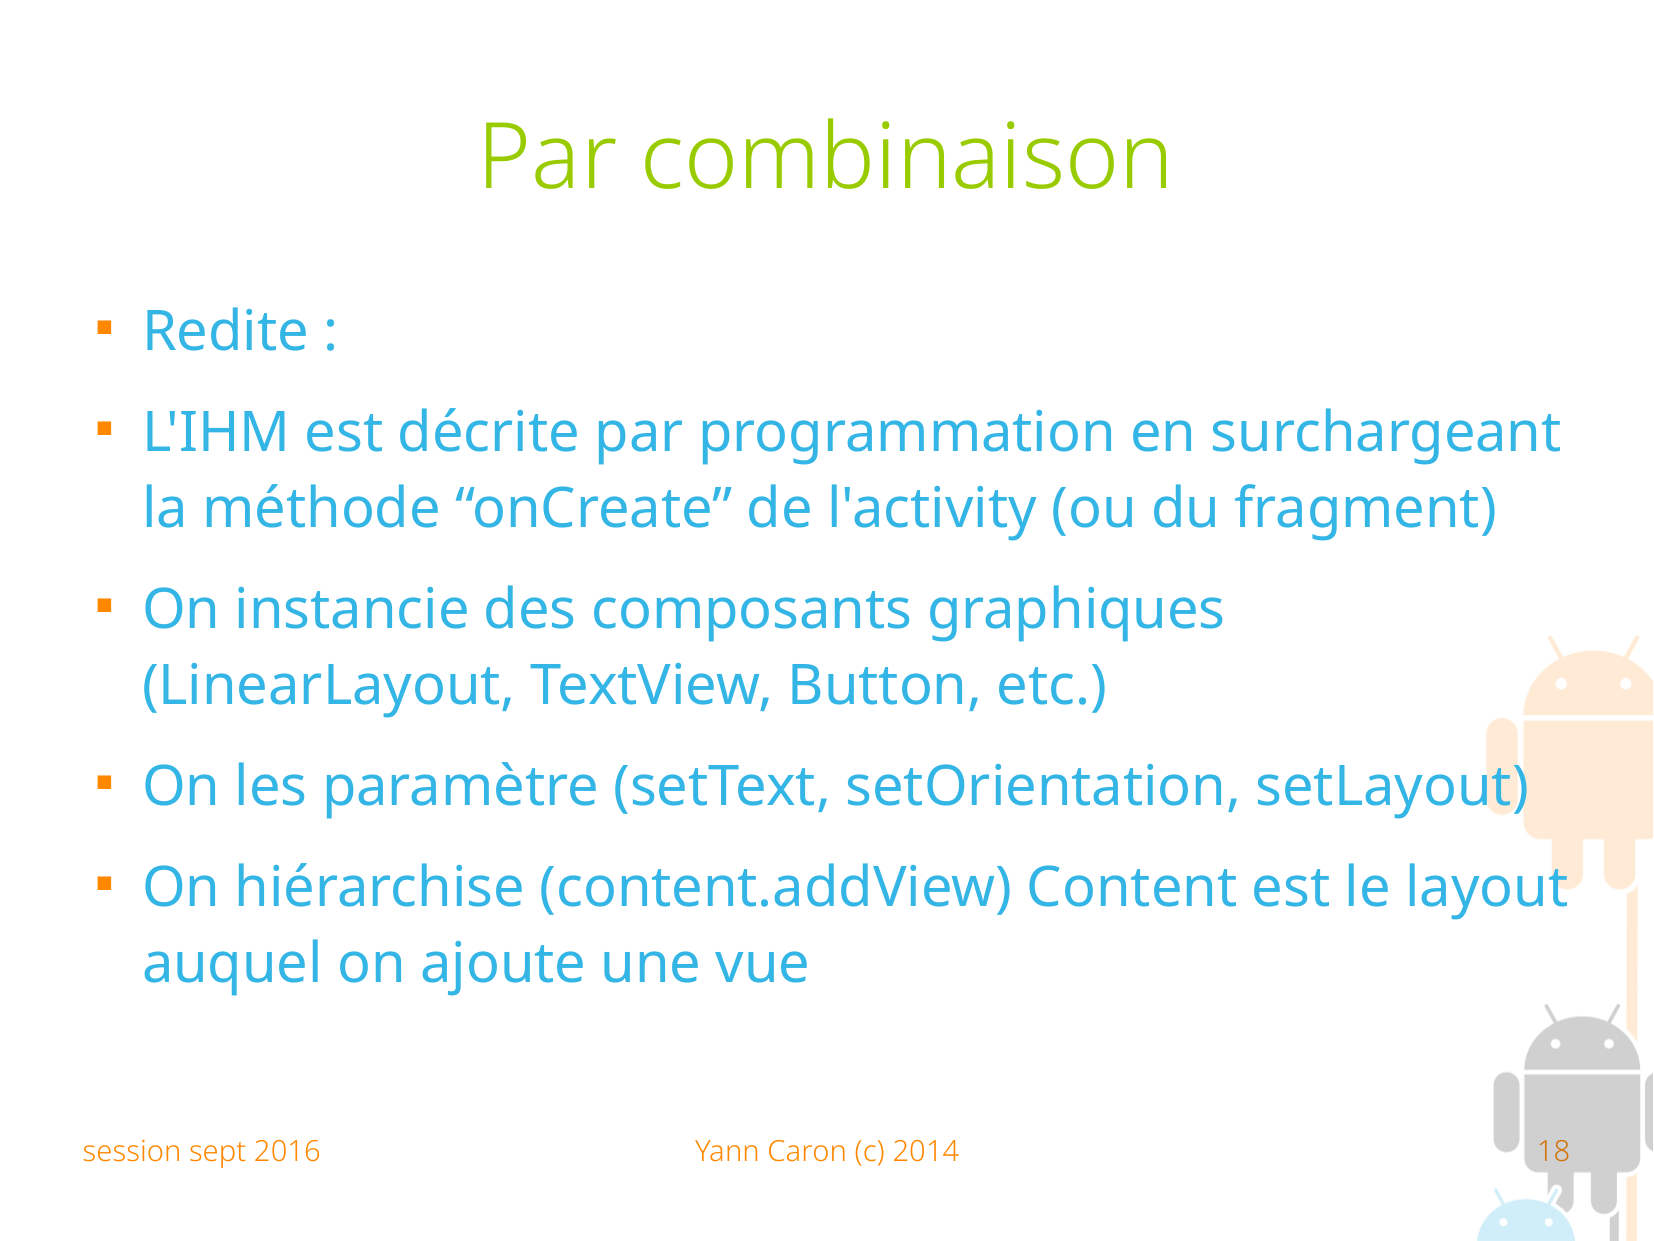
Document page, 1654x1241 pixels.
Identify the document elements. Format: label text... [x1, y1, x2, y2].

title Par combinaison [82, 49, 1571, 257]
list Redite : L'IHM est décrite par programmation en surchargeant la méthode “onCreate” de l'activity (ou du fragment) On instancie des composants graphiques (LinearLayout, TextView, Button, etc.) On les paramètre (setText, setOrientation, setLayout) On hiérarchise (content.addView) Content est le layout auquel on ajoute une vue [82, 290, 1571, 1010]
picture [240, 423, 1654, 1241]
--
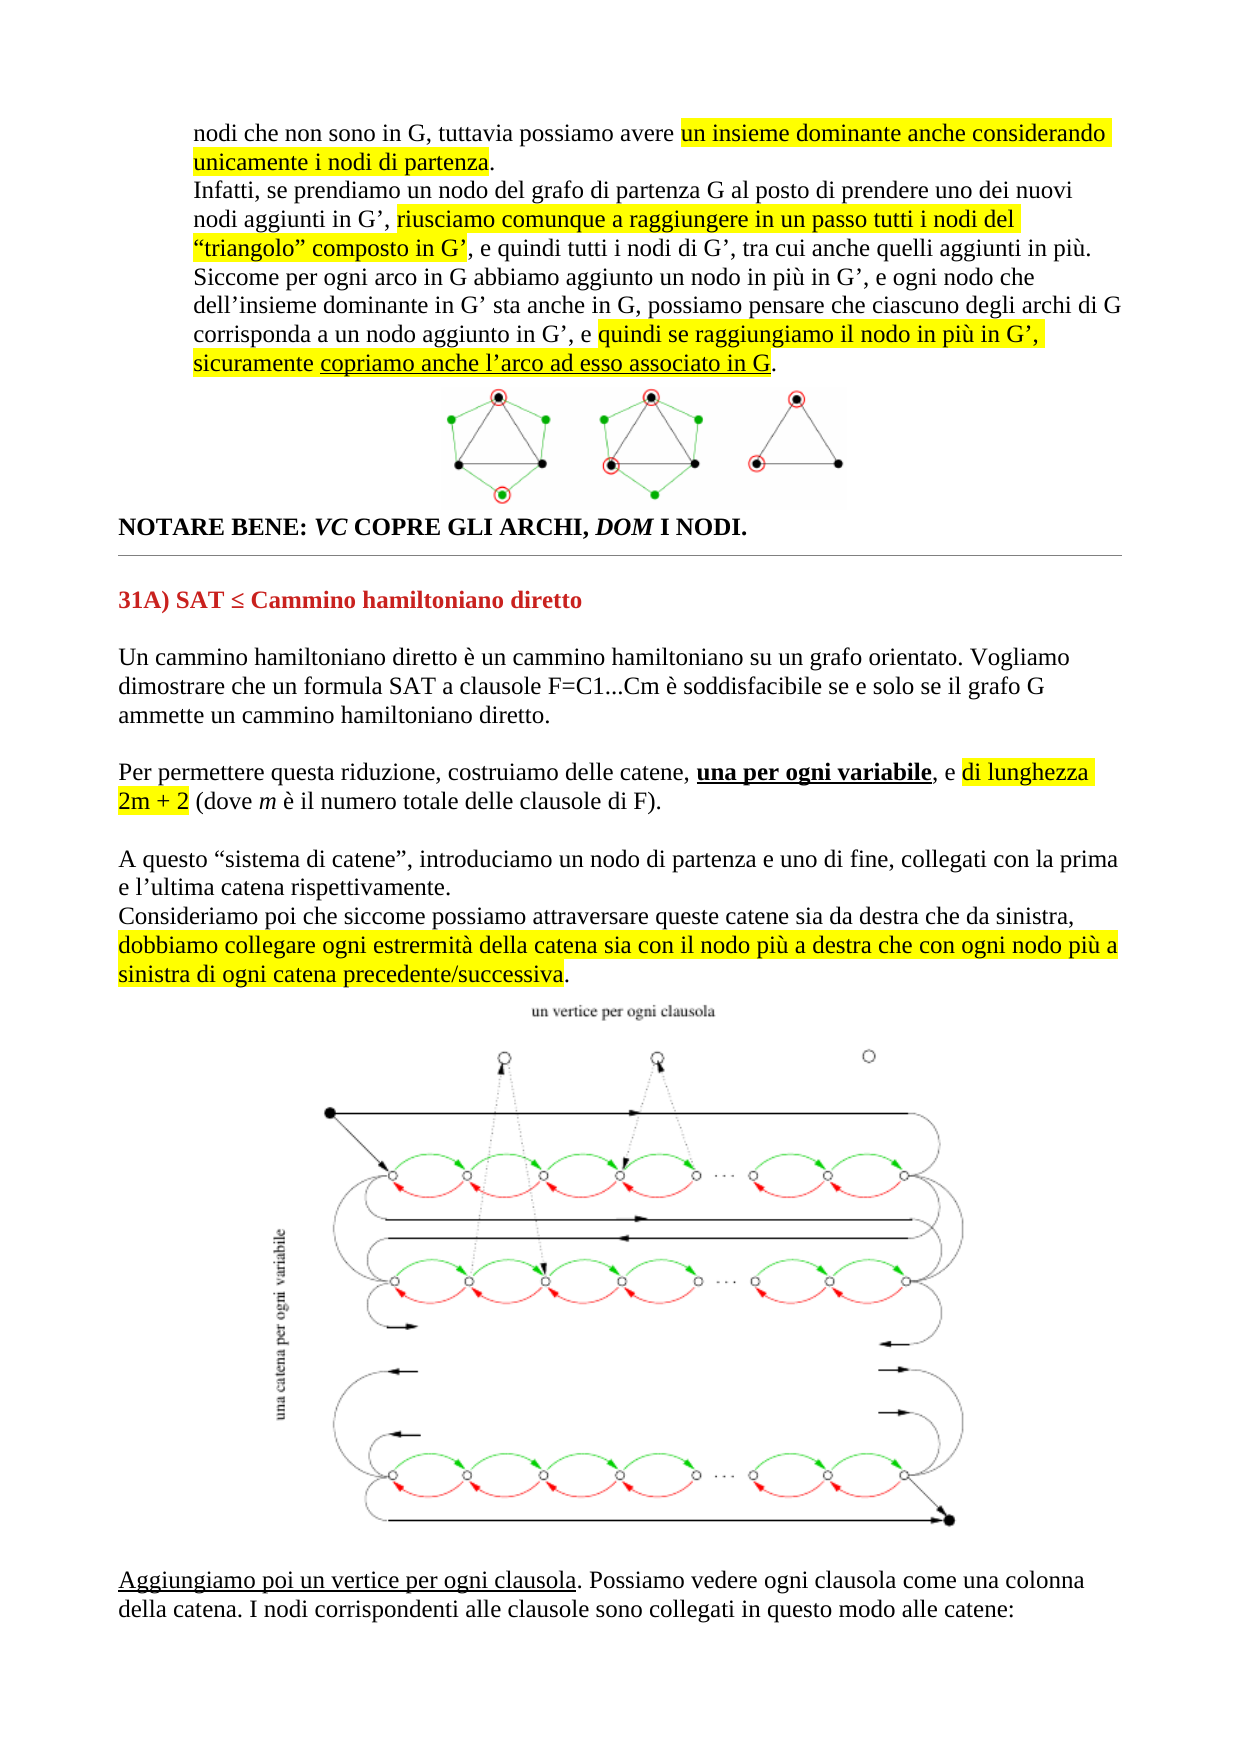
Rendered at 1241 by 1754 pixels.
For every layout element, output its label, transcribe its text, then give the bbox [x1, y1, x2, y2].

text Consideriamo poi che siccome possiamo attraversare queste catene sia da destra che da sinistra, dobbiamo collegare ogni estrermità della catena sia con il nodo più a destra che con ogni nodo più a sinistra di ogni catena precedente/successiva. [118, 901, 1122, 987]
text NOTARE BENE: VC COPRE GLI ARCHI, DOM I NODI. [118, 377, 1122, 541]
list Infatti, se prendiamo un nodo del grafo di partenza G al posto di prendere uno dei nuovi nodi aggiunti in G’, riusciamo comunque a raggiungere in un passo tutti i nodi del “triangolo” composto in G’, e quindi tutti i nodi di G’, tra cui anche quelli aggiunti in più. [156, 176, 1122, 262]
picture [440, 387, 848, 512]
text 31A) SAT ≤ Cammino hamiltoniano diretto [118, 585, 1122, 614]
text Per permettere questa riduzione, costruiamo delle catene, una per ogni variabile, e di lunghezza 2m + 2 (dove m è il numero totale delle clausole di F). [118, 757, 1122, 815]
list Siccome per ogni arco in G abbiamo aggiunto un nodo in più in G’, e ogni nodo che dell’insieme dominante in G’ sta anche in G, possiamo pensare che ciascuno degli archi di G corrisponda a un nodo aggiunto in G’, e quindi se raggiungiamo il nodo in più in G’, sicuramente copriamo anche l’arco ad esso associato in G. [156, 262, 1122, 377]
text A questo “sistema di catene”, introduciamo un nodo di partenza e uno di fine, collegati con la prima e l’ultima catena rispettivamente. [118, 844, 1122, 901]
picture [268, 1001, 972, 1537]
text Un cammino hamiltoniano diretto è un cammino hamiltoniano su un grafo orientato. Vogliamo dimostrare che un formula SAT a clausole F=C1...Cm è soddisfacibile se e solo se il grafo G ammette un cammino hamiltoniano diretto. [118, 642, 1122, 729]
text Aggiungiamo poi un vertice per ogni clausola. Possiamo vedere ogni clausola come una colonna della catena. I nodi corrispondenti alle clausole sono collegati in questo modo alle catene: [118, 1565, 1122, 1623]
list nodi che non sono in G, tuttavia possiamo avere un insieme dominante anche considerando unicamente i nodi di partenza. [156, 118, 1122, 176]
...
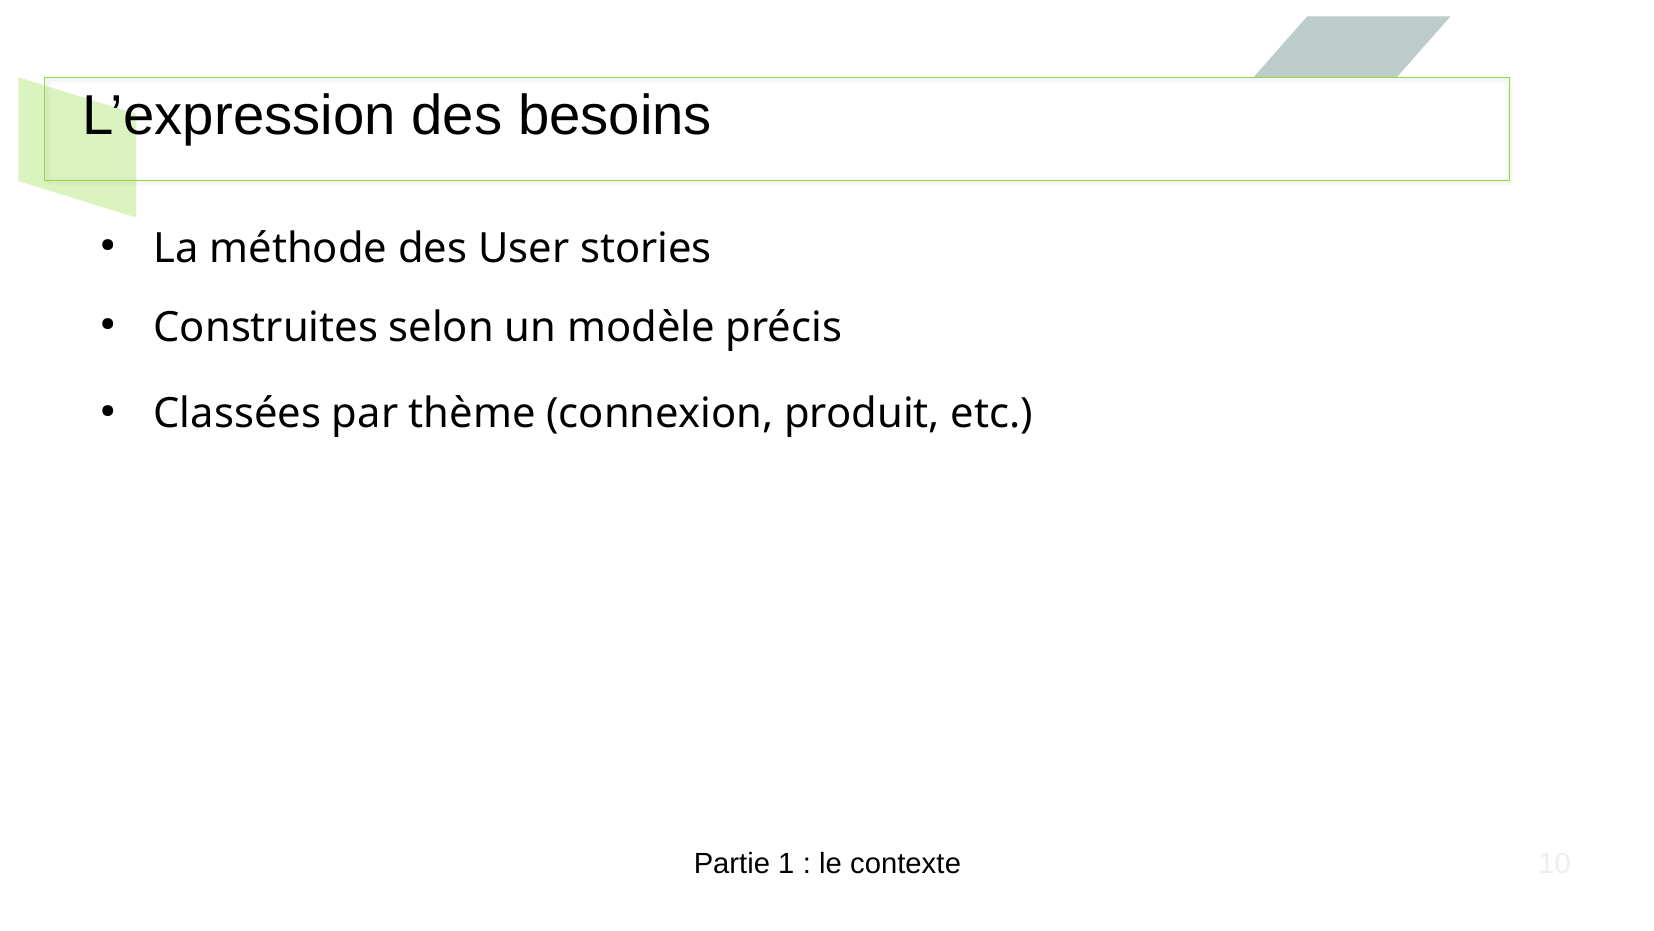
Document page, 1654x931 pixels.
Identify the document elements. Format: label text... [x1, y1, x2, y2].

• [EXERCISE DIRECTIONS]
From the material above, count the lines that include "pixels" and give only the total.

• [ANSWER FOR THE TASK]
3